Microsoft has recently been the victim of major DDoS attacks. Some of these caused noticeable disruptions to various services at the beginning of the current month. The perpetrators also publicly boast about their actions.
The attacks caused problems with the Office services provided as part of Microsoft 365. But the company’s cloud services were also struggling, so customers running their own offerings on the Azure platform were also affected. This is according to a report by Hacker News.
After Microsoft initially held back from naming the cause, the company has since announced that DDoS attacks by a group called Storm-1359 were actually responsible. However, this is not a self-chosen name of the perpetrators, but an attribution by Microsoft’s security department.

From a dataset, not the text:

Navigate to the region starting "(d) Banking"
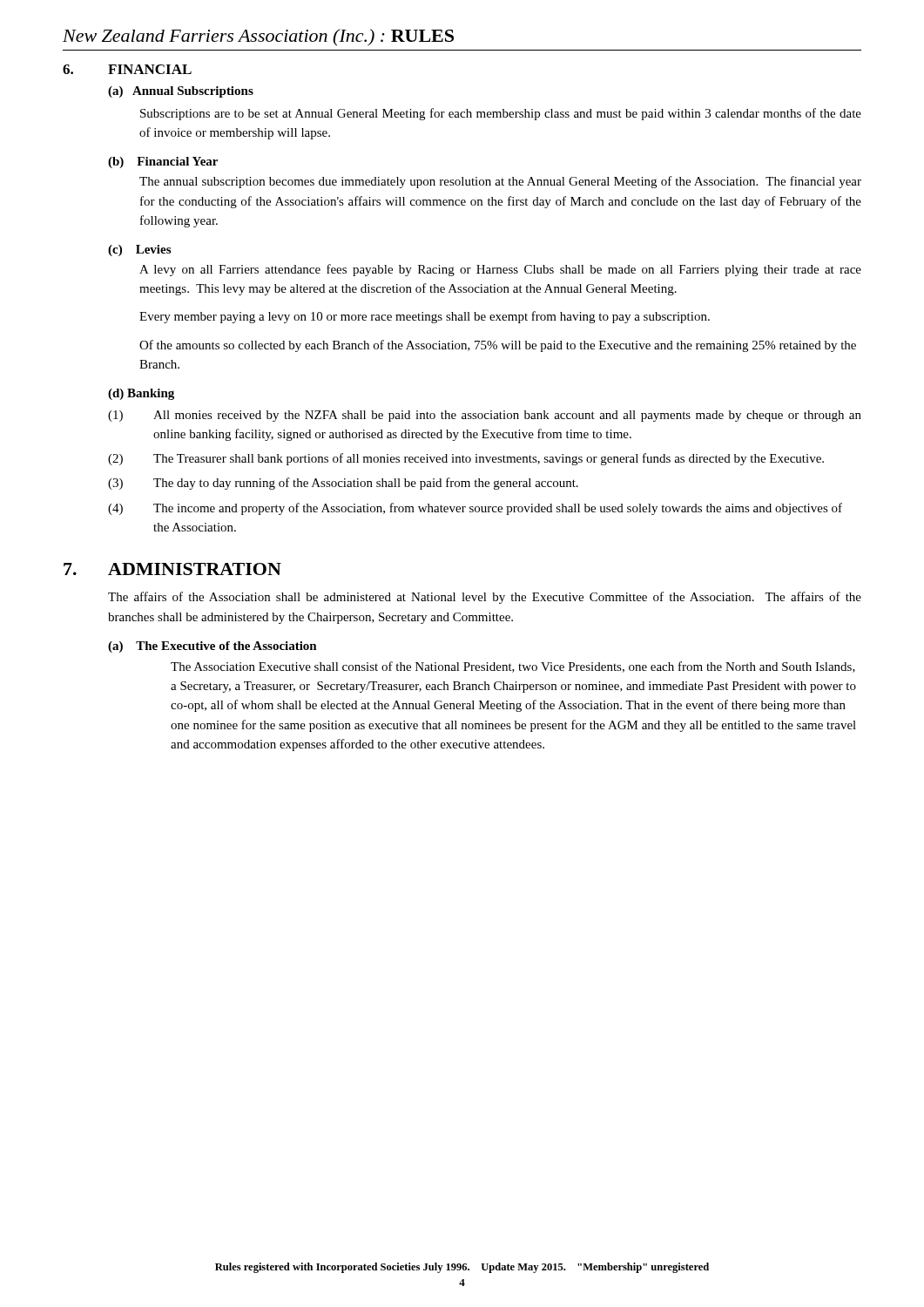 (x=141, y=393)

Storm-hash is a temporary designation assigned by the software company to unknown, emerging or developing groups whose identity or affiliation has not yet been definitively established.
Reluctance has reasons
However, Microsoft has provided few details – and has not commented on how many customers were affected and whether the impact was global. However, a spokeswoman confirmed that a group calling itself Anonymous Sudan was behind the attacks. This claimed responsibility for the attack on its Telegram channel. Some security researchers believe the group to be Russian, despite its name.
Microsoft justified its reluctance on the matter by saying that the group’s primary concern was disruption and publicity. A larger public debate is therefore more likely to play into the hands of the perpetrators – on the other hand, customers are also interested in being informed about the background.